Эта эпоха открывается любопытной реакцией против классицизма, дотоле неограниченно господствовавшего в разговорном языке высших кругов, а вследствие этого и в литературе, — реакцией, которая и по сущности своей и по внешним свойствам тесно связана была с такой же реакцией в сфере языка в Греции. В это же самое время ритор и романист Гегесий из Магнезии и многие примыкавшие к нему малоазийские риторы и литераторы начали восставать против правоверного аттицизма. Они потребовали признания прав гражданства живой устной речи, невзирая на то, возникло ли данное слово или оборот в Аттике или же в Карии или Фригии; сами они говорили и писали, не подделываясь под вкус ученой клики, но имели в виду вкус широкой публики. Против принципа невозможно, конечно, было спорить; но результат, естественно, был совсем под стать тогдашней малоазийской публике, которая совершенно утратила вкус к строгости и чистоте литературной продукции и требовала всего изысканного и блестящего. Не говоря уже о порожденных этим направлением мнимохудожественных формах, а именно о романе и историческом романе, самый слог этих азиатов был, понятно, словно рубленый, без каденций и периодов, запутанный и вялый, полный мишуры и напыщенности, необыкновенно пошлый и манерный. «Кто знает Гегезия, — говорит Цицерон, — тот поймет, что такое нелепость».

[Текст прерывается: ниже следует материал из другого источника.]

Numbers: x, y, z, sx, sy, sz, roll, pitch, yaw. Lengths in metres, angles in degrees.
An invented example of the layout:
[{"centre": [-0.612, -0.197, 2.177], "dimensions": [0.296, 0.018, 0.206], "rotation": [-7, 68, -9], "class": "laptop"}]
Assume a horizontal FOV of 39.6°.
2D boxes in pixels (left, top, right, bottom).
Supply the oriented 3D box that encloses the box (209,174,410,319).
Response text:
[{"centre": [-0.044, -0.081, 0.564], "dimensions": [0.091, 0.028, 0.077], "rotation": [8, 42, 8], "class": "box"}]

Несмотря на это, новый стиль нашел доступ и в латинский мир. Когда эллинская модная риторика, вошедшая в конце предшествовавшей эпохи в воспитание латинского юношества, сделала в начале настоящего периода последний шаг и в лице Квинта Гортензия (640—704) [114—50 гг.], наиболее прославленного из адвокатов эпохи Суллы, вступила на римскую ораторскую трибуну, она и в латинской речи приспособилась к современному дурному греческому вкусу; и римская публика, уже не столь правильно и серьезно образованная, как в Сципионово время, разумеется, усердно рукоплескала новатору, который умел придавать вульгаризмам в языке видимость какого-то художественного достижения.
Это было весьма важно. Как в Греции спор о языке всегда велся, главным образом, в школах риторики, так и в Риме судебное красноречие, может быть, еще более, чем литература, получило значение для выработки стиля, и поэтому с первенствующим положением в обществе адвокатуры было связано и право давать тон модной манере писать и говорить. Азиатский вульгаризм Гортензия вытеснил, таким образом, классицизм с римской ораторской трибуны, а частью и из литературы.
Но вскоре и в Греции и в Риме снова вернулись к прежней моде. В первой из этих стран родосская школа риторов, не восстанавливая целомудренной строгости аттического стиля, пыталась установить средний путь между ним и современным направлением; если вожди родосского движения не слишком обращали внимание на внутреннюю правильность мышления и речи, то все же они настаивали на чистоте языка и стиля, на заботливом подборе слов и выражений и ритмическом построении предложений.